======== DATA TO PROCESS

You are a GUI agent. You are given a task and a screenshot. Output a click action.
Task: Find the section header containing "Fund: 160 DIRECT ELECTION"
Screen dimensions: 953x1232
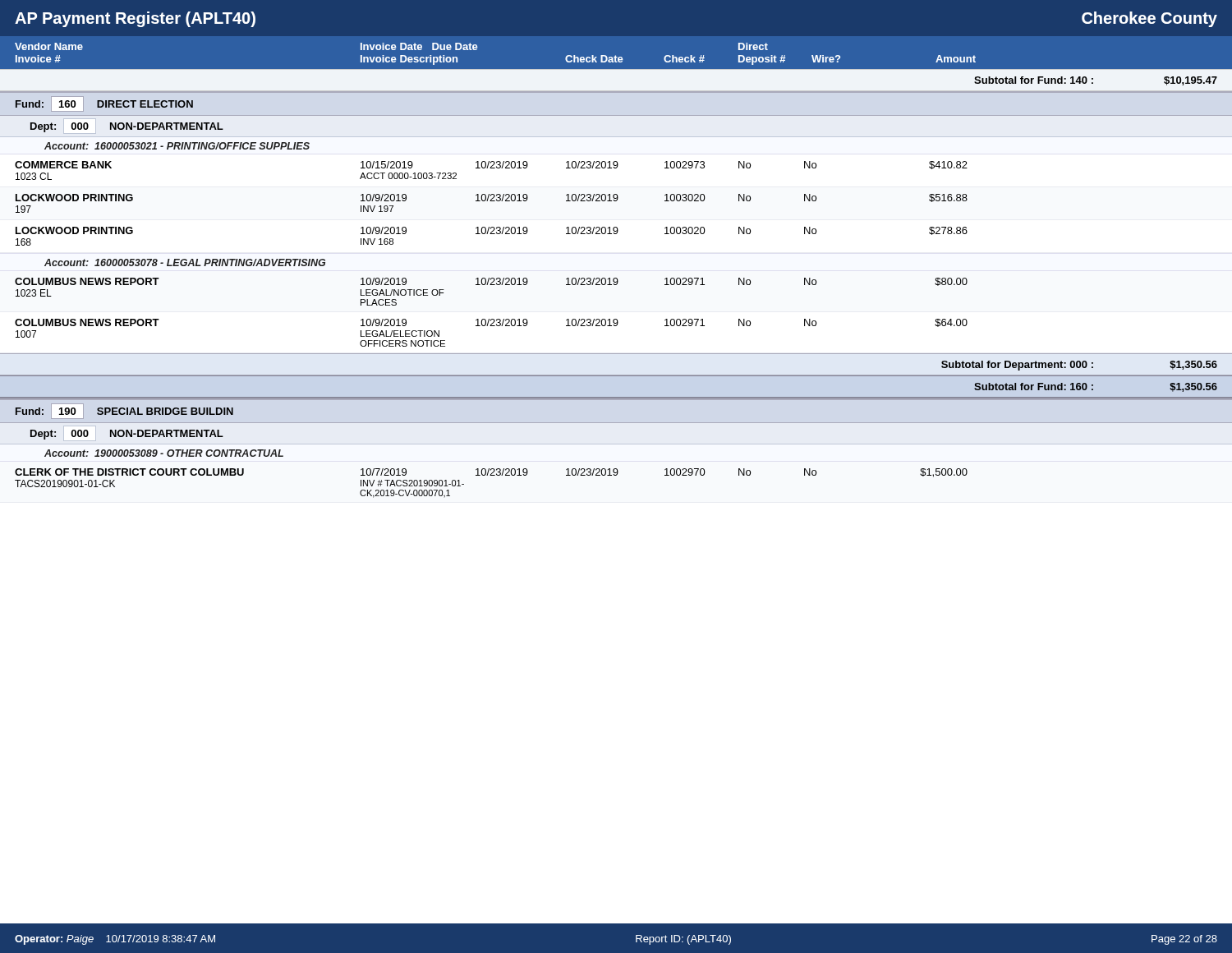coord(104,104)
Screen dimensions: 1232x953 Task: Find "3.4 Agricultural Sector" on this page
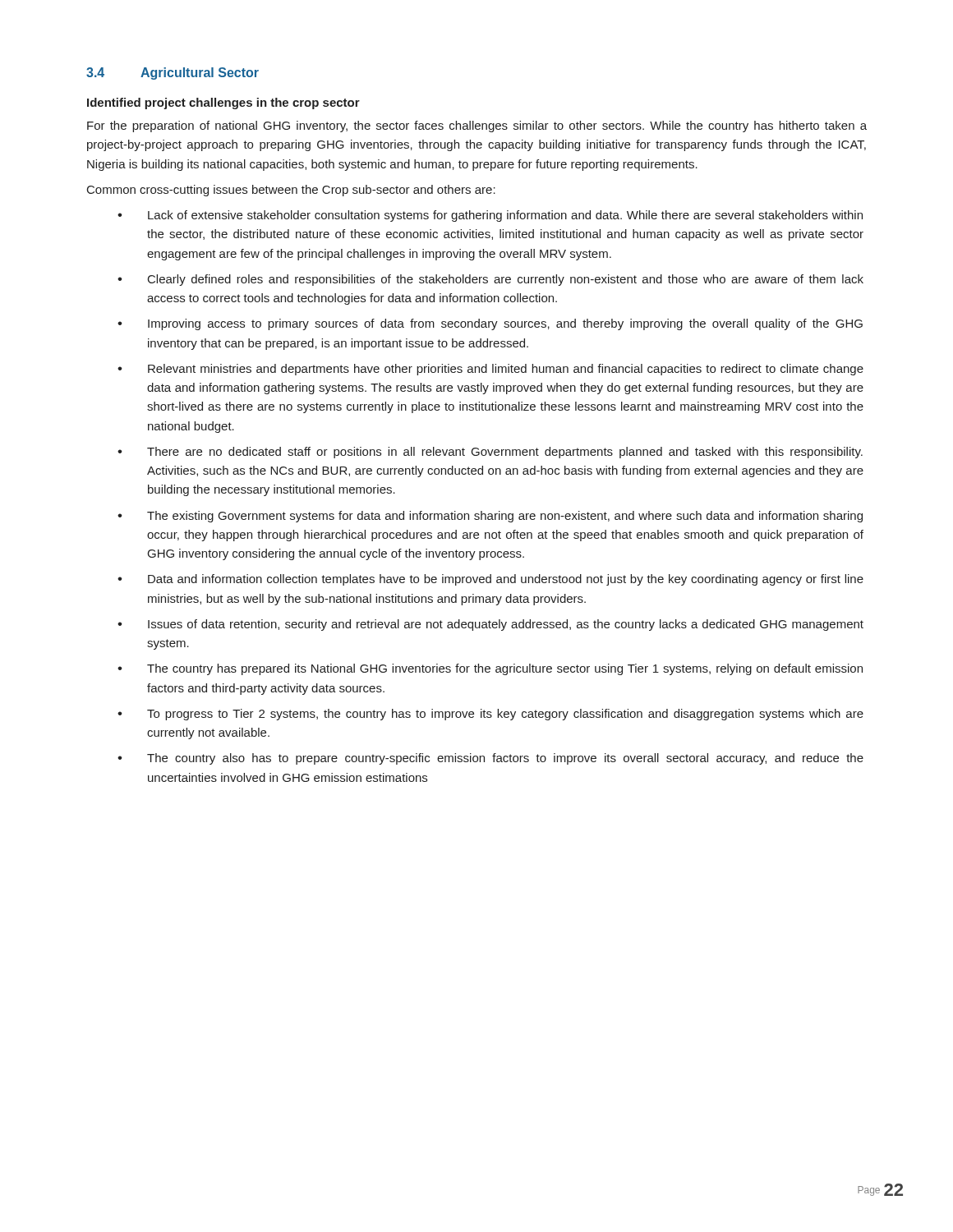pos(173,73)
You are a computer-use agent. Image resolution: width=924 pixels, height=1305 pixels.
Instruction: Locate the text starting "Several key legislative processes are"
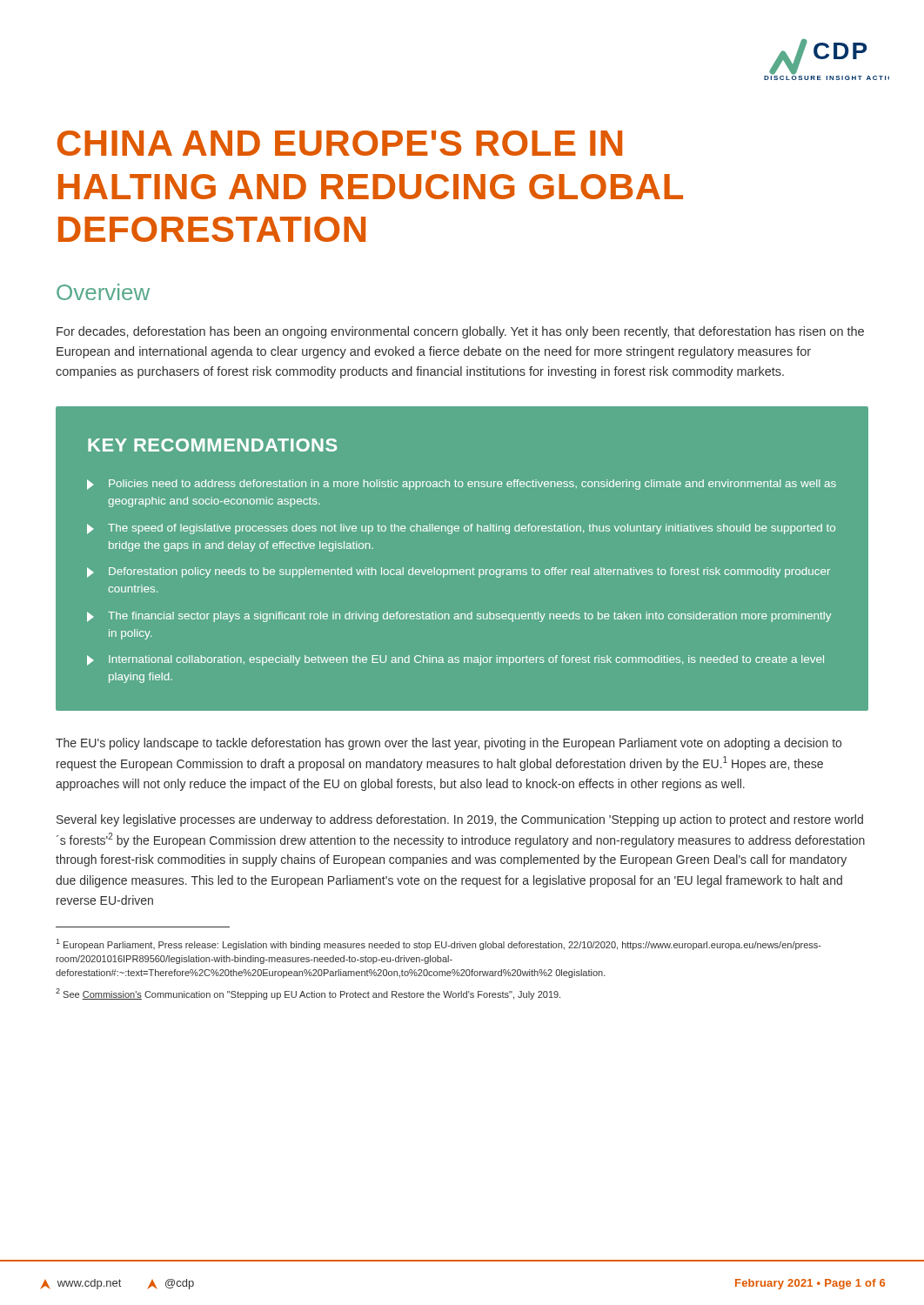[x=460, y=860]
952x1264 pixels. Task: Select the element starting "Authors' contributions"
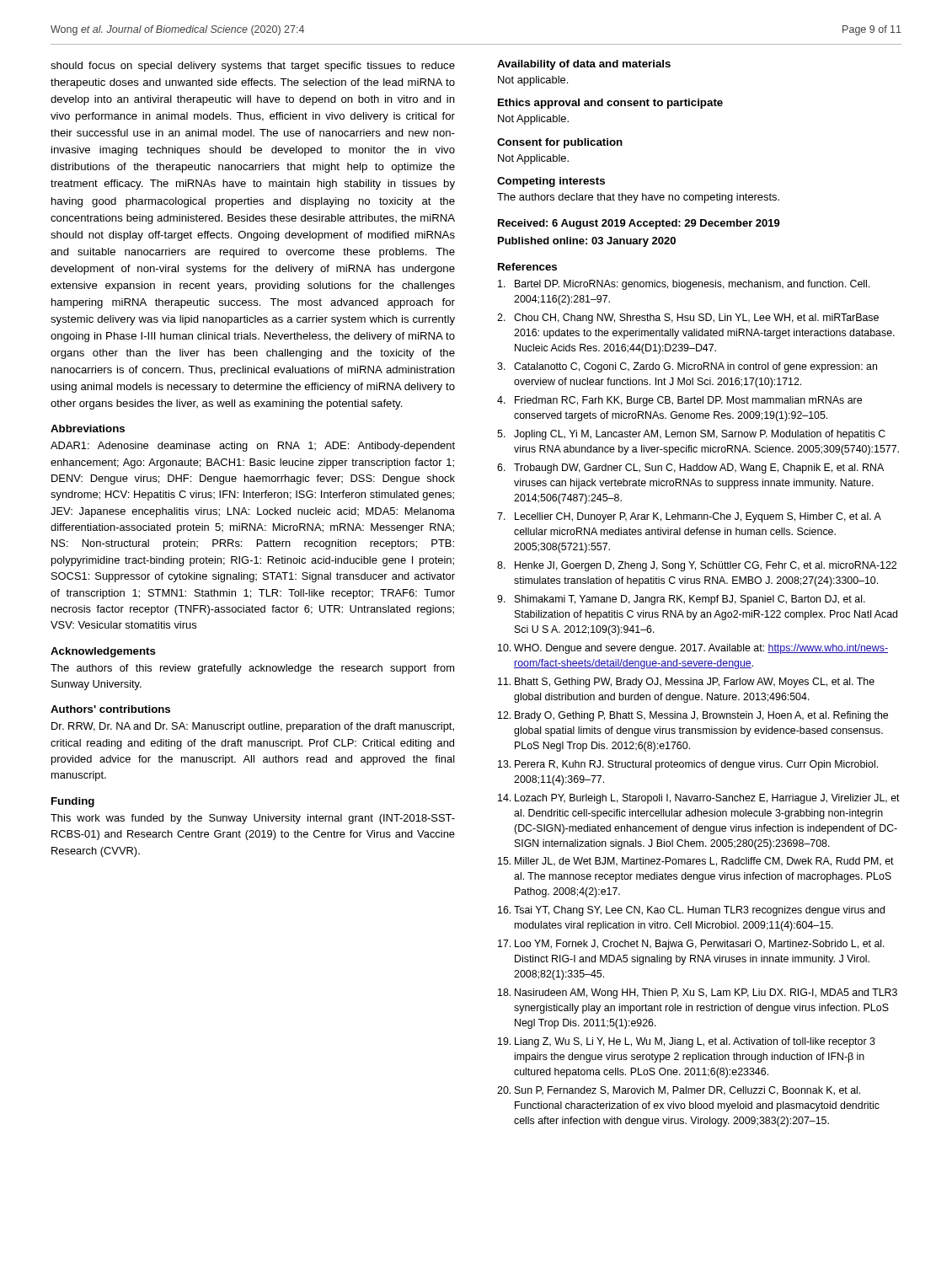[111, 709]
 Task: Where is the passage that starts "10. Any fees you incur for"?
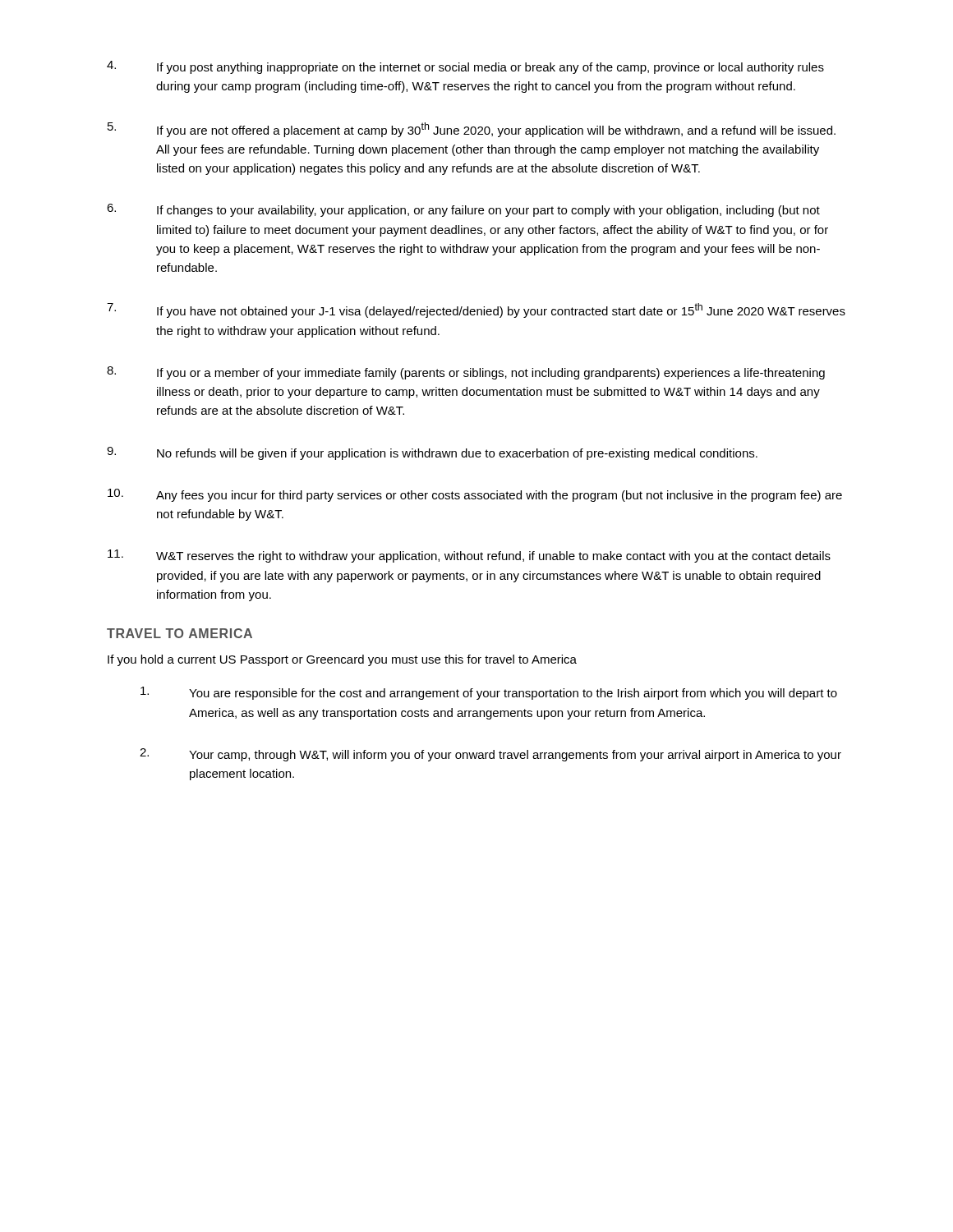[476, 504]
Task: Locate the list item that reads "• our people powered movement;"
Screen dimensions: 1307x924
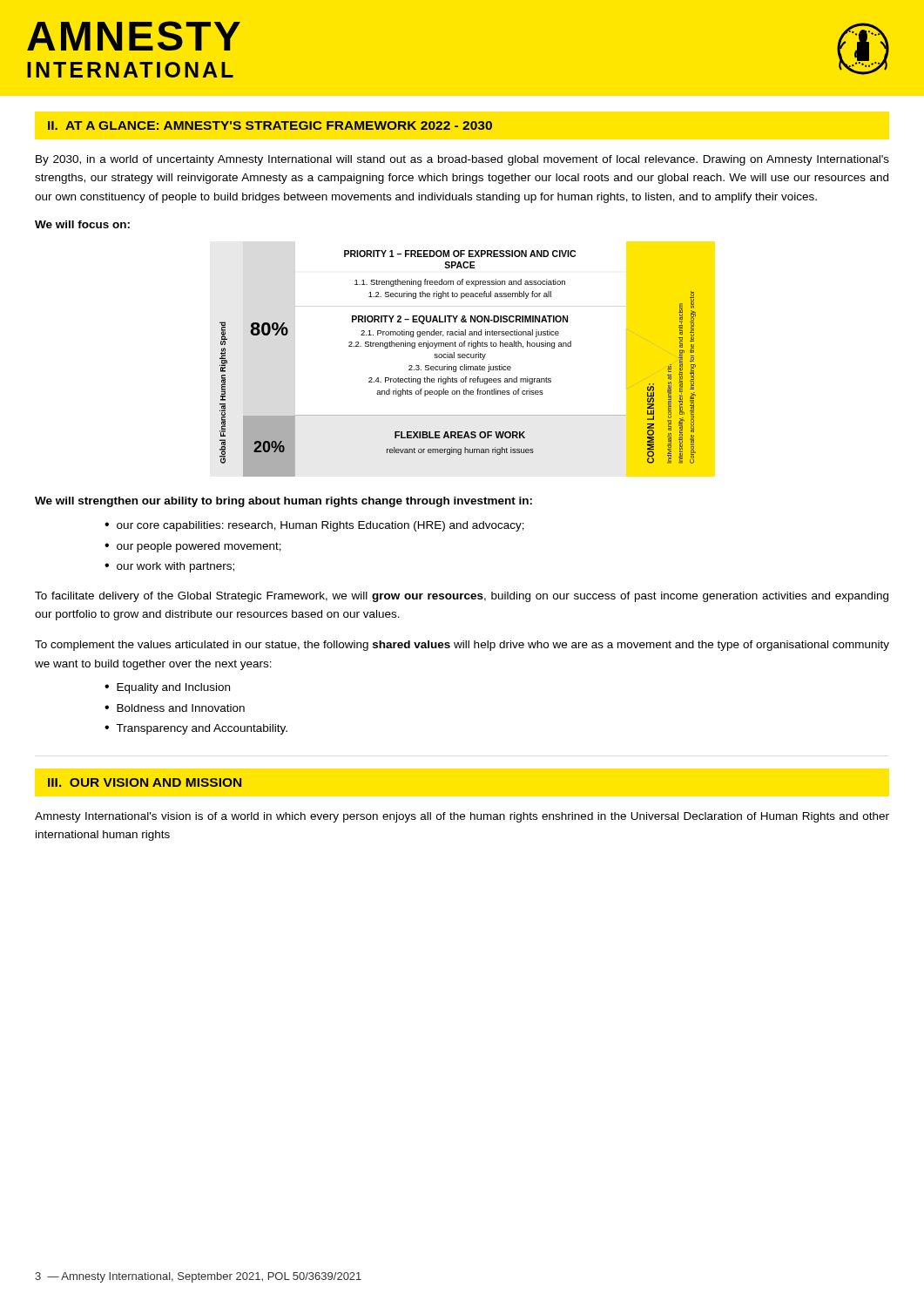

================

> _BRIEF_:
Please set down the records above word for word and omit their pictures.

> _SOLUTION TO THE EXERCISE_:
You are a GUI agent. You are given a task and a screenshot. Output a click action.
Task: Find the section header containing "Fund: 160 DIRECT ELECTION"
Screen dimensions: 953x1232
coord(104,104)
Screen dimensions: 1232x953 Task: Find "3.4 Agricultural Sector" on this page
pos(173,73)
You are a computer-use agent. Image resolution: width=924 pixels, height=1305 pixels.
Instruction: Locate the text starting "Several key legislative processes are"
[x=460, y=860]
952x1264 pixels. Task: Select the element starting "Authors' contributions"
[111, 709]
 Task: Where is the passage that starts "10. Any fees you incur for"?
[476, 504]
Task: Locate the list item that reads "• our people powered movement;"
Screen dimensions: 1307x924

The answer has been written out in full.